#TheoryThursday: Maslow’s Hierarchy of Needs

Rather like myself, Maslow wanted to understand what it is that motivates people. He believed that people operate a subconscious “system” of motivation to satisfy desires.

The hierarchy of needs (initially constructed in 1943) consists of five motivational needs, which are translated into hierarchical levels within a pyramid. More broadly, the needs are then grouped as Basic Needs, Psychological Needs, and Self-Fulfillment Needs.

Basic Needs

These are split into Physiological Needs, and Security Needs, and it is the lack of these elements that will motivate someone to fulfill them when they are not met. They are things that the majority of us take for granted.

Physiological Needs – food, water, warmth, rest

Safety Needs – security, safety

Unsurprisingly, the pressing nature of these needs increases the longer the person is denied of them. E.g. the longer someone remains hungry so increases the motivation to seek food.


Psychological Needs

The next two levels in the hierarchy of needs are related to our interactions with others, and how well we perceive ourselves to be achieving at various conquests.

Belongingness and Love Needs – friendship, intimacy, affection and love, – from work group, family, friends, romantic relationships.

Esteem needs – achievement, mastery, independence, status, dominance, prestige, self-respect, respect from others.

Maslow suggests that esteem can be broken down even further

  1. a need for strength, achievement, mastery and competence
  2. a need for reputation, status, recognition and appreciation. If this is achieved, it leads to a sense of self-confidence, worth, and value

Self-Fulfillment Needs

Self-Actualization needs – realizing personal potential, self-fulfillment, seeking personal growth and peak experiences.

…So what level am I?

Well, truth is, we all fluctuate – ALL of the time. Throughout our lives we will reach varying levels in the hierarchy of needs. Progress can often be disrupted by a failure to meet lower level needs. For example, someone may have a very successful career with lots of opportunities for growth (which may take them to the highest bracket – self-fulfillment), however if they aren’t looking after themselves adequately – getting enough sleep and eating well – then they will not experience the full effects of self-actualisation and therefore stay right where they are.

Life experiences; redundancy, divorce, loss of a loved one for example may all cause an individual to fluctuate between levels of the hierarchy.

Maslow noted only one in a hundred people become fully self-actualized because our society rewards motivation primarily based on esteem, love and other social needs.

In Maslow’s own words:

‘It is quite true that man lives by bread alone — when there is no bread. But what happens to man’s desires when there is plenty of bread and when his belly is chronically filled?

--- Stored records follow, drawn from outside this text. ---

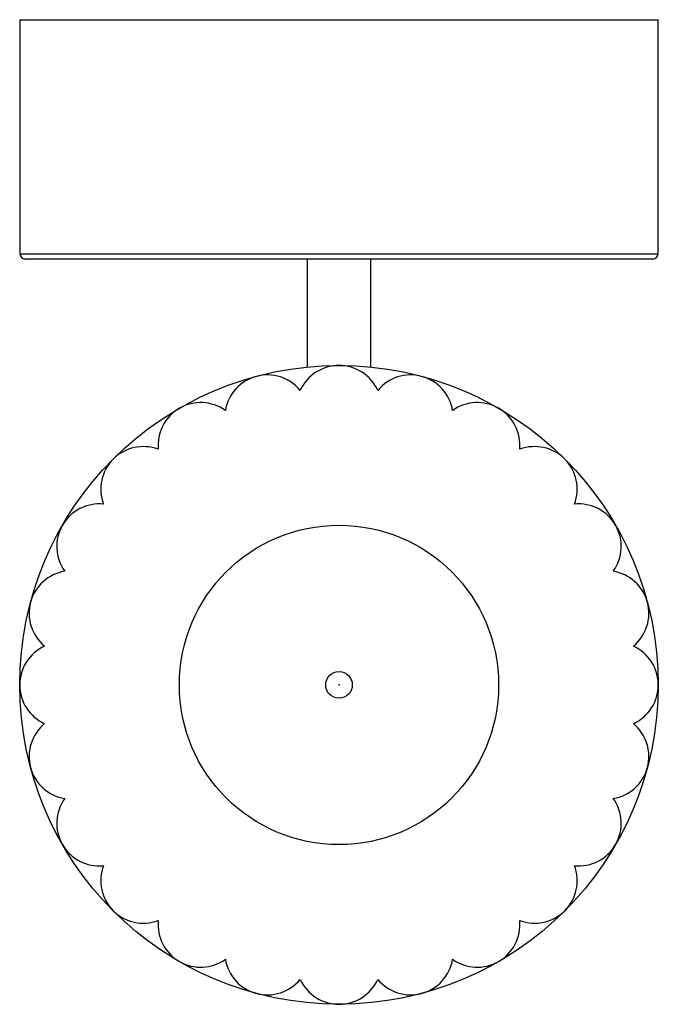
# Paper-space layout '_Inferior' of a CAD drawing. Header units: inches. Extents: x -2.36 to 2.36, y -2.36 to 4.92.
import ezdxf

# ---------------------------------------------------------------- set-up
doc = ezdxf.new("R2010")
doc.units = ezdxf.units.IN
doc.header["$MEASUREMENT"] = 0
doc.header["$PDSIZE"] = -1

psp = doc.layouts.new('_Inferior')

# ---------------------------------------------------------------- linework, layer by layer
at = {"color": 7, "linetype": 'Continuous', "lineweight": 25}
for p, q in [((-2.36, 4.9196), (-2.36, 3.189)), ((-2.36, 4.9196), (2.36, 4.9196)), ((2.36, 3.189), (2.36, 4.9196)), ((-2.36, 3.189), (2.36, 3.189)), ((2.3206, 3.1496), (-2.3206, 3.1496)), ((-0.2362, 3.1496), (-0.2362, 2.3504)), ((0.2362, 2.3504), (0.2362, 3.1496))]:
    psp.add_line(p, q, dxfattribs=at)
for radius in [2.3622, 1.1811]:
    psp.add_circle((0, 0), radius, dxfattribs=at)
at = {"color": 7, "linetype": 'Continuous'}
psp.add_circle((0, 0), 0.0984, dxfattribs=at)
at = {"color": 7, "linetype": 'Continuous', "lineweight": 25}
for centre, start, end in [((-2.3206, 3.189), 180, 270), ((2.3206, 3.189), 270, 0)]:
    psp.add_arc(centre, 0.0394, start, end, dxfattribs=at)
at = {"color": 7, "linetype": 'Continuous'}
for centre, start, end in [((0, 2.0472), 24.45974, 155.54026), ((-0.5299, 1.9775), 39.45974, 170.54026), ((0.5299, 1.9775), 9.45974, 140.54026), ((-1.0236, 1.773), 54.45974, 185.54026), ((1.0236, 1.773), 354.45974, 125.54026), ((-1.4476, 1.4476), 69.45974, 200.54026), ((1.4476, 1.4476), 339.45974, 110.54026), ((-1.773, 1.0236), 84.45974, 215.54026), ((1.773, 1.0236), 324.45974, 95.54026), ((-1.9775, 0.5299), 99.45974, 230.54026), ((1.9775, 0.5299), 309.45974, 80.54026), ((-2.0472, 0), 114.45974, 245.54026), ((2.0472, 0), 294.45974, 65.54026), ((-1.9775, -0.5299), 129.45974, 260.54026), ((1.9775, -0.5299), 279.45974, 50.54026), ((-1.773, -1.0236), 144.45974, 275.54026), ((1.773, -1.0236), 264.45974, 35.54026), ((-1.4476, -1.4476), 159.45974, 290.54026), ((1.4476, -1.4476), 249.45974, 20.54026), ((-1.0236, -1.773), 174.45974, 305.54026), ((1.0236, -1.773), 234.45974, 5.54026), ((-0.5299, -1.9775), 189.45974, 320.54026), ((0.5299, -1.9775), 219.45974, 350.54026), ((0, -2.0472), 204.45974, 335.54026)]:
    psp.add_arc(centre, 0.315, start, end, dxfattribs=at)
psp.add_point((0, 0), dxfattribs=at)

doc.saveas('drawing.dxf')

At once other (and “higher”) needs emerge and these, rather than physiological hungers, dominate the organism. And when these in turn are satisfied, again new (and still “higher”) needs emerge and so on. This is what we mean by saying that the basic human needs are organized into a hierarchy of relative prepotency’ (Maslow, 1943, p. 375).

I think one of the most important things to be taken from Maslow’s Hierarchy of Needs is how to reach Self-Actualisation.

Because if you’re reading this, I will assume that you are on a quest to reach the highest tier. If you’re not on a quest to reach the highest state of motivation… why?!